In recent years, the most vital fields such as data mining and machine learning algorithms had an impact of class imbalance learning [7]. Data mining approaches are used to make the decision in commercial models using different classification models, but it is difficult to classify imbalanced data for these traditional classification models such as sampling approaches, cost-sensitive learning, active learning, kernel-based methods and ensemble learning [8,9,10,11,12]. When the data contain some important complexity, such as small sample size, high dimensionality and much noise to the dataset, the existing learning algorithms for imbalance data are generally becoming invalid [13,14,15]. The performance of these classification algorithms improves by computing the distance metrics and is learned with the help of the decision-making process in NN classifier. In many machine learning tasks, DM learning algorithm plays an important role to solve the POF [16]. Novelty of this work: Many conventional methods suffer from the unexpected errors or loss of information and change in the distribution of original class, but there is no change in original class distribution in proposed method which had all information in imbalance dataset. LMDL learns Mahalanobis distance metric (MDM) for a small set of samples (prototypes) according to its closely related objective function. The POF is reduced, and the objective function is minimized by adjusting the position of prototypes. The predictive performance of imbalance data improves by using LMDL method over the existing method which is validated by the number of different experimental evaluations. The contribution of this work can be as follows:

  • The LMDL method uses the original data distribution by learning exactly one MDM for each prototype based on its objective functions which are closely related to the NN decision rule.

  • To address the POF, the prototype position is adjusted.

  • To make the proposed method more flexible and efficient, the LMDL method has been developed according to its distance concept.

The organization of this research draft is summarized as: “Literature Review” section provides a brief history of some related methods in imbalance data classification. “Problems in Imbalance Dataset” section presents the nature of the imbalance problem in details. “Proposed Methodology” section describes the proposed LMDL methodology in detail. “Experimental Analysis” section presents and discusses the experimental results. Finally, the conclusion of the paper with future work is given in “Conclusion” section.

Literature Review

Researcher developed many methodologies on imbalance data classification. In this subsection, a brief evaluation of a few essential contributions to the existing literature is presented.

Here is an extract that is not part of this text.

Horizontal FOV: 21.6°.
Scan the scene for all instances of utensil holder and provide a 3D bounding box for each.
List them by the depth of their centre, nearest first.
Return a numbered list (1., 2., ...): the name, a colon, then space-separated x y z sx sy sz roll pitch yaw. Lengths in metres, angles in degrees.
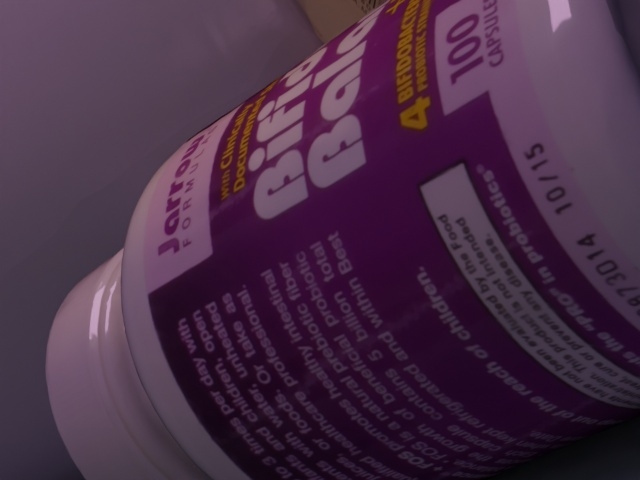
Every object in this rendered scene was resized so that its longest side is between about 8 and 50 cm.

Sun et al. [17] built a number of classifiers on multiple balanced data which were converted from an imbalanced dataset with the help of a specific classification algorithm. The new data were created by combining the specific ensemble rule with classification results which included these classifiers. To solve the highly imbalanced data problems, the experiments were conducted on 46 imbalanced datasets and experimental results stated that this proposed method was superior to the conventional imbalance data handling methods. This method delivered poor performance in classification results because of using a constant value in the denominator. In some cases, the classification performance was negligible due to the impact of these constant values.

Napierała and Stefanowski [18] developed the rule-based classifiers with the help of expert knowledge from class-imbalanced data to the learning process. The argument-based learning technique was used to adapt the learning rules from imbalanced data. ABMODLEM was proposed with specialized classification method which provided a rule induction algorithm. The experimental result shows that the ABMODLEM increases the recognition of minority class especially in the difficult data distribution. The possible limitation of the argument-based learning was less universal than fully automatic method to increase the classifiers since expected knowledge is not always available. The knowledge acquisition method was more time- and effect-consuming than automatic methods, and its applicability is limited to the environment that requires fast response from the learner.

Ohsaki et al. [19] achieved a better classification performance with the help of confusion matrix-based kernel logistic regression (CM-KLOGR) algorithm by forming a new dataset with task independence. Based on minimum classification error and generalized probabilistic descent (MCE/GPD) learning, the optimization and the objective function of CM-KLOGR were consistently formulated on KLOGR. The extensive experiments were conducted on benchmark-imbalanced datasets, and the results showed the effectiveness of CM-KLOGR when compared with existing technique. Because of heuristic process and task dependence, the ensemble methods and cost-sensitive were not used in this method.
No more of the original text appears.